A Rússia foi dos primeiros países a ter vacinas disponíveis para a sua população. Neste momento, tem quatro diferentes vacinas disponíveis. A sua principal, Sputnik V, encontra-se disponível em 69 países, com bons resultados de segurança e eficácia. No entanto, a Rússia permanece bastante atrasada no seu programa de vacinação, com apenas 25% da população totalmente vacinada. A chegada da variante Delta provocou uma terrível 3ª vaga, com recorde de novos casos e um pico na mortalidade sem precedentes, que desde julho, coloca a Rússia no topo da mortalidade mundial.
O que causa este atraso na vacinação? Existe uma razão técnica, menos relevante hoje, assim como, o fenómeno que nós tão bem conhecemos: uma mistura pseudociência, obscurantismo e difusão de teorias da conspiração. Não é exclusivo da sociedade russa, é apenas mais intenso.
Começando pela questão técnica. A Sputnik V é uma vacina que utiliza a tecnologia de vetor viral. Esta tecnologia produz um desafio que deve ser ultrapassado, para que a vacina seja eficaz: como garantir que o corpo não tenha imunidade ao vetor, diminuindo assim a eficácia da vacina. Por este motivo, são utilizados adenovírus pouco prevalentes na população humana, ou que normalmente infetam chipanzés. A Sputnik, ultrapassou este problema tendo dois adenovírus diferentes, ou seja, o vetor viral da primeira dose, não é o mesmo que o presente na segunda dose.

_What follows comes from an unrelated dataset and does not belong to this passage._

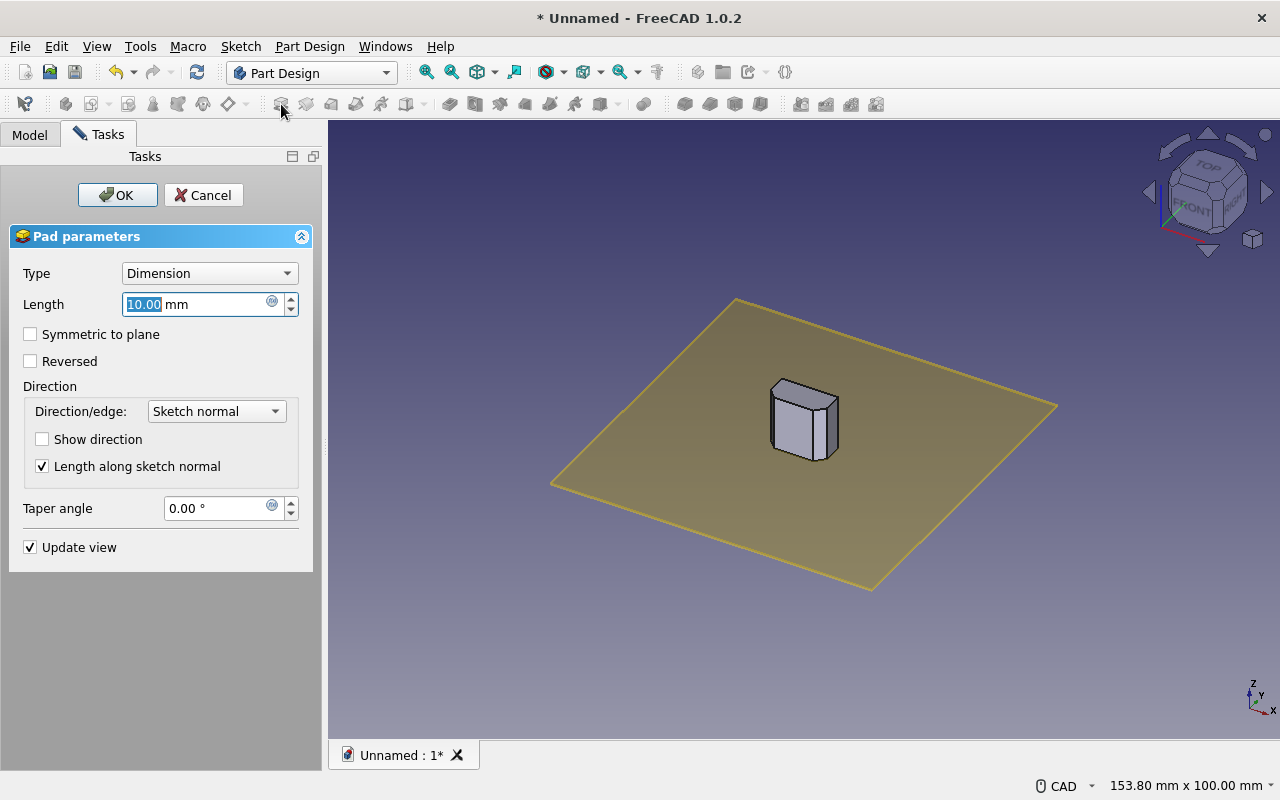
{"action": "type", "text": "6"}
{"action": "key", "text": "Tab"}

Em teoria, esta solução torna a vacina mais eficaz, mas na prática, acrescenta mais um desafio logístico. Se a primeira dose não é igual à segunda, significa que a mesma vacina necessita de dois circuitos de produção e logística autónomos. Numa fase inicial, este foi um fator que contribuiu para o lento avanço da vacinação no país.
Como é que um país que sempre respeitou a ciência e a vacinação, se tornou um dos epicentros pseudociência e da mensagem anti vacinação? Falamos do país, onde a corte imperial de Catarina a Grande recebeu a inoculação para a varíola em 1768. Onde as vacinas soviéticas foram fundamentais para erradicar varíola e ganhar a batalha da poliomielite.
A confiança demora anos a contruir, mas é destruída rapidamente. No ocidente, conhecemos bem este fenómeno, quando o desonesto Wakefield, em 1998, publicou um texto relacionando a vacina do sarampo com o autismo. Na Rússia, o momento chegou dez anos mais cedo, quando no jornal Komsomol’skaya Pravda, com uma tiragem diária de 22 milhões de exemplares, foi publicado um texto com o título “Nós representamos um problema”.
Todos os argumentos clássicos anti vacinação estavam presentes, desde que a redução das doenças não estava relacionada com a vacinação, mas apenas devido ao desenvolvimento económico, ou que a vacinação era obra de interesses obscuros e que apenas prejudicavam as crianças. Num contexto de perda de legitimidade política, grupos da oposição, a igreja ortodoxa e segmentos da comunidade médica adotaram e amplificaram os argumentos. O resultado foi imediato, logo no princípio dos anos 90, o colapso da União Soviética e a desconfiança nas vacinas, trouxeram uma epidemia de difteria, que causou 13 mil casos com 650 óbitos. O sarampo voltou, continuando por controlar até aos dias de hoje. No último grande surto, em 2018, mais de metade dos 41 mil casos da região europeia, ocorreram na Ucrânia e Rússia.
Num país com mais praticantes de medicinas alternativas, que médicos, é natural que estas ideias tenham ganho raízes profundas. Quando a pandemia chegou, encontrou uma campanha de desinformação já bem montada e influente. Um governo autocrático, ajuda a alimentar teorias da conspiração sobre a origem da doença, tornando igualmente a recusa da vacinação, como um ato de resistência ao Kremlin.
Numa sondagem de maio, 60% dos russos afirma rejeitar a Sputnik V, valor que permanece inalterado desde agosto 2020. Estes dados demonstram, claramente, que a comunicação não está a ser eficaz. É preciso transparência das autoridades, adaptar a mensagem e mobilizar o rico legado científico do país, para que a Rússia acelere o seu programa de vacinação e deixe de ser um perigoso reservatório do Sars-CoV-2.